Decline in NLEA among patients with end-stage renal disease with diabetes stabilized since 2013

MONDAY, June 3, 2019 (HealthDay News) — Decreases in nontraumatic lower-extremity amputation (NLEA) have plateaued in recent years among adults with end-stage renal disease (ESRD) and diabetes, according to a study published online May 29 in Diabetes Care.

Jessica L. Harding, Ph.D., from the U.S. Centers for Disease Control and Prevention in Atlanta, and colleagues estimated annual rates of NLEA hospitalizations during 2000 to 2015 among adults with ESRD from the U.S. Renal Data System. NLEA rates were adjusted for age, sex, and race and were stratified by diabetes status, age, sex, race, and amputation level.

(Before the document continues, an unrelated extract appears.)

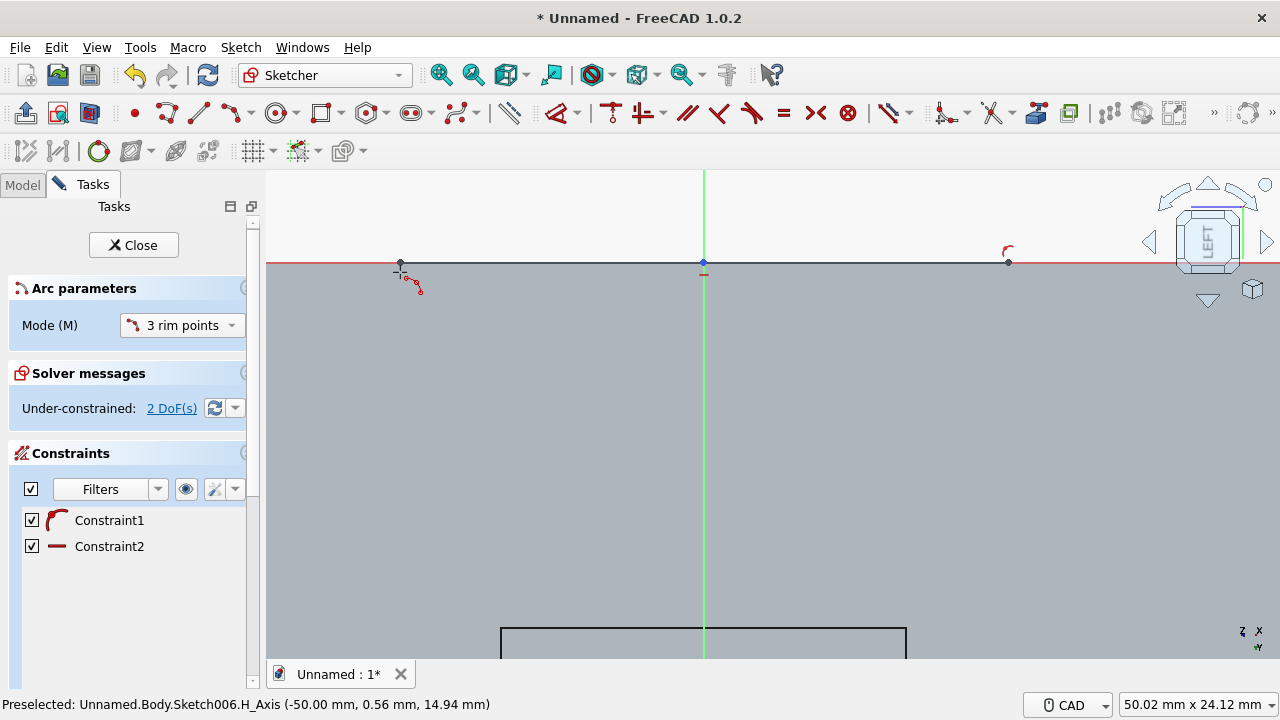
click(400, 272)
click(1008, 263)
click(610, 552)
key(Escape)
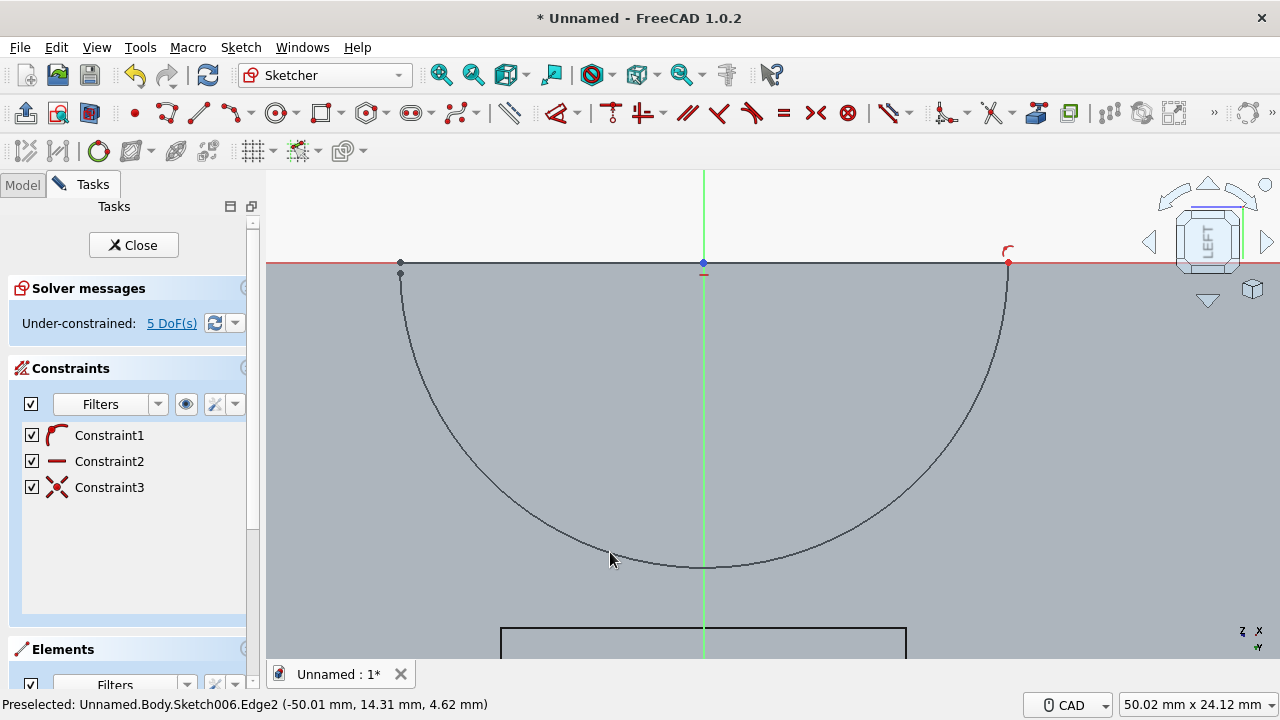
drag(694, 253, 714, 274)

The researchers found that NLEA rates decreased 43.8 percent between 2000 and 2013 among adults with diabetes (from 7.5 to 4.2 per 100 person-years; annual percent change [APC], −4.9 percent) and then stabilized. Between 2000 and 2013, the rates of total NLEAs decreased 25.5 percent among adults without diabetes (from 1.6 to 1.1; APC, −3.0 percent) and stabilized thereafter. A slowing or stagnation in declines of minor NLEAs (toe and foot) in more recent years appeared to drive these trends, while the decline continued for major NLEAs (above the knee).

“This analysis documents a discouraging stall in progress in NLEA trends in recent years in a high-risk population with both ESRD and diabetes,” the authors write. “Continued efforts to improve access to and uptake of preventive foot care, improve diabetes self-management, and promote education might be a priority for ESRD patients, particularly among those with diabetes.”